| ASSIGNED TASK |
Nothing should appear in the answer except the lines from the one containing "Moving on to the object from (872, 412)" through the end of the records below, written out exactly.

** Opening INFORMATION GIVEN block **

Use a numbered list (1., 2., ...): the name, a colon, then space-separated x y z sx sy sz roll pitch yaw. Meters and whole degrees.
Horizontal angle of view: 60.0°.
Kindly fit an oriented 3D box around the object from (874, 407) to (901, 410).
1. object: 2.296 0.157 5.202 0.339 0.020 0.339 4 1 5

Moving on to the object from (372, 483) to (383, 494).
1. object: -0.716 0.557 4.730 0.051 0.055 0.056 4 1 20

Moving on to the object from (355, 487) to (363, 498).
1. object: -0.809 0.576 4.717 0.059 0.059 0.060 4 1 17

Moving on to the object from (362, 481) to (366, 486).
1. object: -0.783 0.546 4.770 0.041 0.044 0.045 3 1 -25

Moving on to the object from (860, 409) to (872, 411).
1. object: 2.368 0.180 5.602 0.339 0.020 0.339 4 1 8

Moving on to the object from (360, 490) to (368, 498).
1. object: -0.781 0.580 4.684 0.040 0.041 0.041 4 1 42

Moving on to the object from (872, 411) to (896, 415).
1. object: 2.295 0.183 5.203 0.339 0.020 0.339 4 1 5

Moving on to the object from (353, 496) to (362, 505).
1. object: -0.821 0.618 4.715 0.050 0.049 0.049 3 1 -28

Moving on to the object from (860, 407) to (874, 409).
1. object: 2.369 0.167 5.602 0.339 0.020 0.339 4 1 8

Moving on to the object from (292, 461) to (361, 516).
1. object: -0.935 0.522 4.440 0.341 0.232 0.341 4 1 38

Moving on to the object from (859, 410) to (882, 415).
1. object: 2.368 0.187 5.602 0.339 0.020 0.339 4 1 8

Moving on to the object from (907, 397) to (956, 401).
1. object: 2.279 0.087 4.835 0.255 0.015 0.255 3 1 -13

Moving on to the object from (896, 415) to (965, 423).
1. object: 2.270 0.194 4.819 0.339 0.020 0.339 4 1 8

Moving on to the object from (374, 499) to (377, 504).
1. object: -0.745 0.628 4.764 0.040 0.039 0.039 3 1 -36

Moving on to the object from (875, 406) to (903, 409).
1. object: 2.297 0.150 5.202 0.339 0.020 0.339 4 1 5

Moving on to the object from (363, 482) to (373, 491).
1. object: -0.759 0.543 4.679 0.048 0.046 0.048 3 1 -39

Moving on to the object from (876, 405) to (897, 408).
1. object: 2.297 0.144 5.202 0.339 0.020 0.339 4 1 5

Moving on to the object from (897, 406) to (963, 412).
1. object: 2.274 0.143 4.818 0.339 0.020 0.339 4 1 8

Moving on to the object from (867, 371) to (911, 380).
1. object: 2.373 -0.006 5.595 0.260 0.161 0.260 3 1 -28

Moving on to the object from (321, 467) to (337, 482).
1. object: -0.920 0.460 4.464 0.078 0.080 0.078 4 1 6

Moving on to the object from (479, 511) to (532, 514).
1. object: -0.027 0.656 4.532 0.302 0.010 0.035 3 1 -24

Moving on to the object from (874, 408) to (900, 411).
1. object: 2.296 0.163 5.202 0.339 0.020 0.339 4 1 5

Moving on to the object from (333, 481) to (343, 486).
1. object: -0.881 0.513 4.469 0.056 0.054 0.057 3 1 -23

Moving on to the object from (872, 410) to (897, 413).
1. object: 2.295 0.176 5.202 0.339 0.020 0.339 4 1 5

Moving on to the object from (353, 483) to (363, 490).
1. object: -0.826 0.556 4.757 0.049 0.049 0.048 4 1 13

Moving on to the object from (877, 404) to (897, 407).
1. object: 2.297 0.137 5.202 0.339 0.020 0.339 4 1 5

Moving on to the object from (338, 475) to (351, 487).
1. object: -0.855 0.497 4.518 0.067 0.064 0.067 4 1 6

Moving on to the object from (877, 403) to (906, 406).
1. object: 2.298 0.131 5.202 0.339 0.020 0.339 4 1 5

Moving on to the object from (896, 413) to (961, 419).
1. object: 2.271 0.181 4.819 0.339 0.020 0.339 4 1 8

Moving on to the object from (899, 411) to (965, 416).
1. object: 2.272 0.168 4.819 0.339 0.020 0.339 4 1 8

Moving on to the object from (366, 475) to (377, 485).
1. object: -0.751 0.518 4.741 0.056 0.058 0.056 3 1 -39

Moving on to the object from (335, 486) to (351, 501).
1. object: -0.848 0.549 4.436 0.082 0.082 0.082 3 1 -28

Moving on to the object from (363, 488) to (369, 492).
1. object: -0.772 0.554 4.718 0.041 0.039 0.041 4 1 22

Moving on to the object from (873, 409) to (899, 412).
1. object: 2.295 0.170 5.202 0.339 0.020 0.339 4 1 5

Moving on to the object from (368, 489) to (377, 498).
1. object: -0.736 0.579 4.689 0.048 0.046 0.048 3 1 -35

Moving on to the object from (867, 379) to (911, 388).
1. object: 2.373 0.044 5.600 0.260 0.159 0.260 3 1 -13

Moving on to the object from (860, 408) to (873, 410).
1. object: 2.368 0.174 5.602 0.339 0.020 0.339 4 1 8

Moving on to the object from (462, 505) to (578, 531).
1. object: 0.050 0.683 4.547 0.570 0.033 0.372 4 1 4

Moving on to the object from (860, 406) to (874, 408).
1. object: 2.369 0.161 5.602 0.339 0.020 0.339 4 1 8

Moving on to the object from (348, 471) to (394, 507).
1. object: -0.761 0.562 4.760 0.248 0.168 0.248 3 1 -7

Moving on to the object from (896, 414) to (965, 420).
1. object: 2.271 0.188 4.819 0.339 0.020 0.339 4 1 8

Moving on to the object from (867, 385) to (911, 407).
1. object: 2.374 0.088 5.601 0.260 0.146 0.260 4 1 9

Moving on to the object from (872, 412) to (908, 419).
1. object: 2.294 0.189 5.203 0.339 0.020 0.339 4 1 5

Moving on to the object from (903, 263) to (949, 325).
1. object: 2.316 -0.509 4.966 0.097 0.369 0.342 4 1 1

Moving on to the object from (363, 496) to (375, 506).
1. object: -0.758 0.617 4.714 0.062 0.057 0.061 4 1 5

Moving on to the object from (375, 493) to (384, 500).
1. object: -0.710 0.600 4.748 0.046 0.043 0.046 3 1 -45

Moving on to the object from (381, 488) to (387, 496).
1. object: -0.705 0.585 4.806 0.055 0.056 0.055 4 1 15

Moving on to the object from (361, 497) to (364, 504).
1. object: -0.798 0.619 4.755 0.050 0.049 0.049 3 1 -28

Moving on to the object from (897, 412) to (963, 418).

** Closing INFORMATION GIVEN block **

| EXERCISE ANSWER |
Moving on to the object from (872, 412) to (908, 419).
1. object: 2.294 0.189 5.203 0.339 0.020 0.339 4 1 5

Moving on to the object from (903, 263) to (949, 325).
1. object: 2.316 -0.509 4.966 0.097 0.369 0.342 4 1 1

Moving on to the object from (363, 496) to (375, 506).
1. object: -0.758 0.617 4.714 0.062 0.057 0.061 4 1 5

Moving on to the object from (375, 493) to (384, 500).
1. object: -0.710 0.600 4.748 0.046 0.043 0.046 3 1 -45

Moving on to the object from (381, 488) to (387, 496).
1. object: -0.705 0.585 4.806 0.055 0.056 0.055 4 1 15

Moving on to the object from (361, 497) to (364, 504).
1. object: -0.798 0.619 4.755 0.050 0.049 0.049 3 1 -28

Moving on to the object from (897, 412) to (963, 418).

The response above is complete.